N4 sits one rung above N5 on the five-level JLPT ladder. The official description is the ability to "understand basic Japanese" used in everyday situations — a bit more than N5's "some basic Japanese." In practice, the jump from N5 is mostly about volume: roughly double the vocabulary and triple the kanji, plus grammar that lets you express more (giving and receiving, plain/casual forms, the conditional family).
Common targets: about 1,500 vocabulary words, ~300 kanji, and ~150 grammar points (see the N4 grammar list).
Test format & timing
| Order | Section | Time | What it covers |
|---|---|---|---|
| 1 | Vocabulary — 文字・語彙 | ~25 min | kanji reading, orthography, context, paraphrase, usage |
| 2 | Grammar · Reading — 文法・読解 | ~55 min | grammar form, sentence ordering, text grammar, short/mid passages |
| 3 | Listening — 聴解 | ~35 min | task/point comprehension, verbal expression, quick response |
That's about 115 minutes of testing, plus instructions and a break. Try every question type in our practice section.
Scoring & passing
Like N5, N4 reports two scores, not three — vocabulary, grammar and reading are combined:
| Band | Range | Minimum |
|---|---|---|
| Language Knowledge (vocab/grammar) · Reading | 0–120 | 38 |
| Listening | 0–60 | 19 |
| Total | 0–180 | 90 |
You need 90/180 overall and both minimums (38/120, 19/60). The usual trap is listening — keep it in training so it doesn't drag you under the 19/60 floor. (More in our scoring guide.)
How hard is N4 (vs N5)?
N4 is harder than N5 mainly because of:
- Vocabulary volume — roughly double N5 (~1,500 words). This is the biggest lift.

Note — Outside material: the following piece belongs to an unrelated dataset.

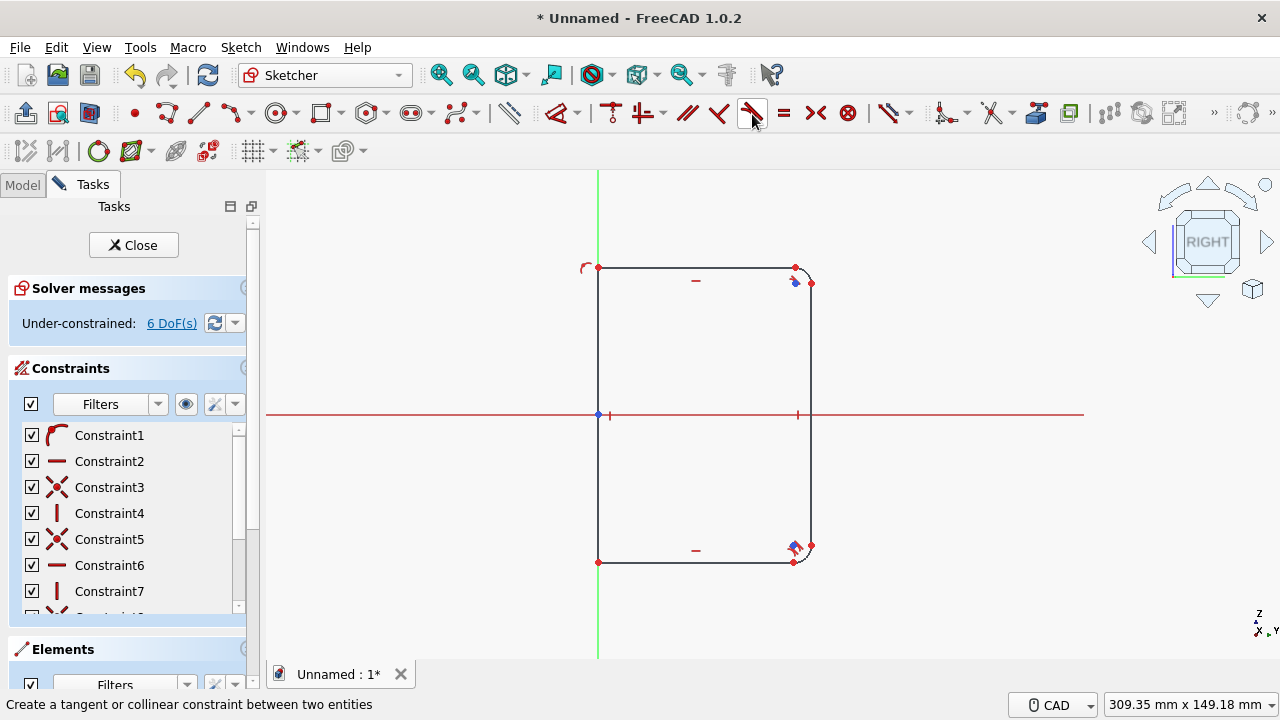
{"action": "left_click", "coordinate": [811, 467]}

- More kanji — around 300 cumulative, so kanji study has to keep pace.
- Richer grammar — casual/plain forms, giving-and-receiving verbs, conditionals, and more nuance.
- Slightly faster listening than N5, though still clear.

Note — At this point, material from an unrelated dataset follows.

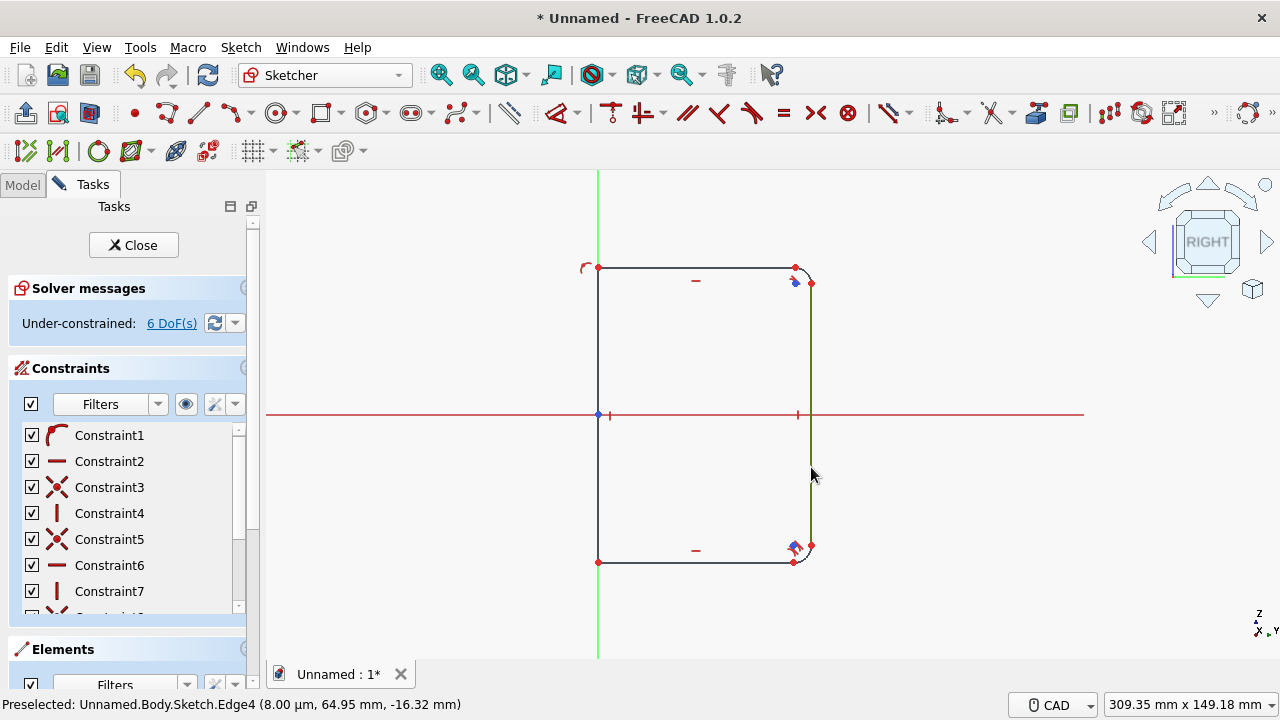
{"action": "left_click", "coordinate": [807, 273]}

It's still firmly a beginner level, though — most learners reach it within a few months of N5. For a schedule, see how to pass N4.
When & how to register
- Dates: twice a year — first Sunday of July and December (some overseas sites offer December only).

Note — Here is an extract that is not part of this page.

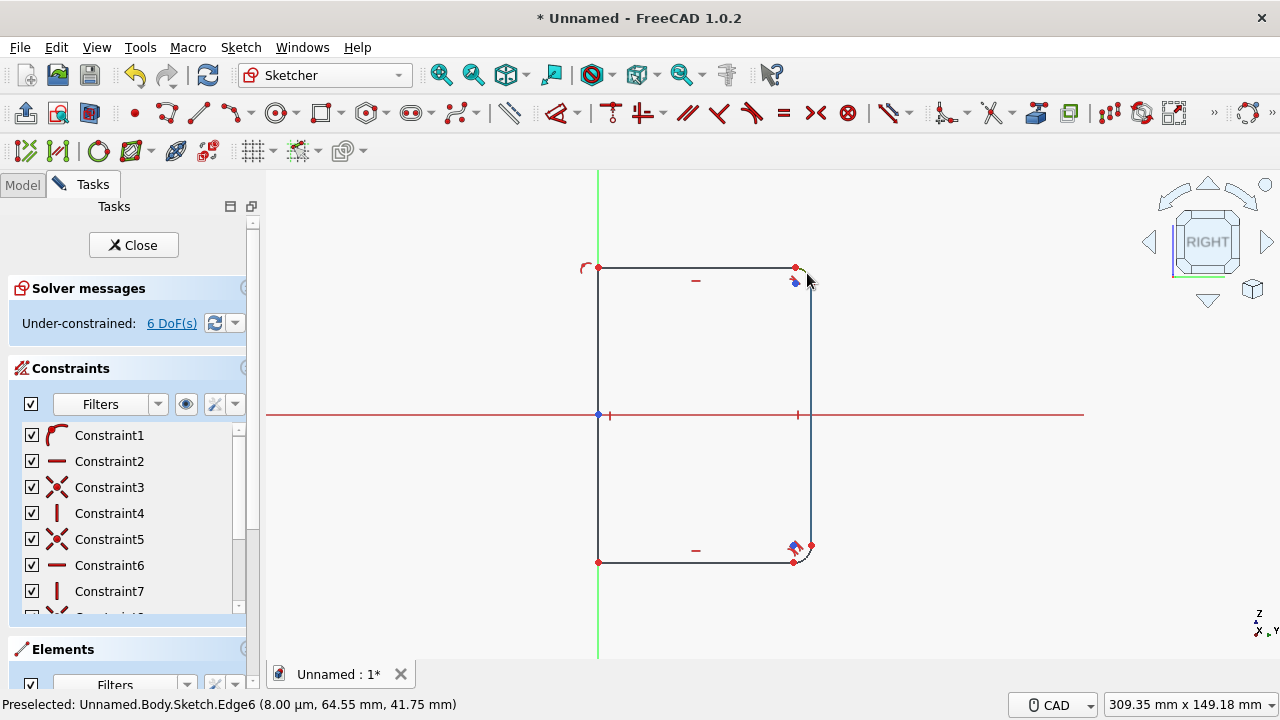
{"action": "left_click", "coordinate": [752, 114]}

- Registration: opens roughly 3–4 months before; apply via the official JLPT site (Japan) or a local host institution (abroad).
- Register early in big cities.
Quick recap
- N4 = second beginner level; ~115 minutes; scored 0–180.
- Pass = 90 total, with 38/120 and 19/60 minimums.
- ~1,500 words, ~300 kanji, ~150 grammar points.
- Held first Sunday of July and December.
Try a real N4 question set
Take a free JLPT N4 mock test →
Frequently asked questions
What is the passing score for JLPT N4?
90 out of 180, with at least 38/120 in the combined language-knowledge-and-reading section and 19/60 in listening. You must meet the total and both minimums.
How long is the JLPT N4 test?
About 115 minutes of testing — roughly 25 minutes vocabulary, 55 minutes grammar and reading, and 35 minutes listening — plus instructions and a break.
How much harder is N4 than N5?
Mostly a volume jump: about double the vocabulary (~1,500 words) and triple the kanji (~300), plus richer grammar. It's still a beginner level and reachable a few months after N5.
Is N4 enough for a job in Japan?
Usually not on its own — most employers look for N2. N4 is a solid stepping stone that proves a real everyday-Japanese foundation.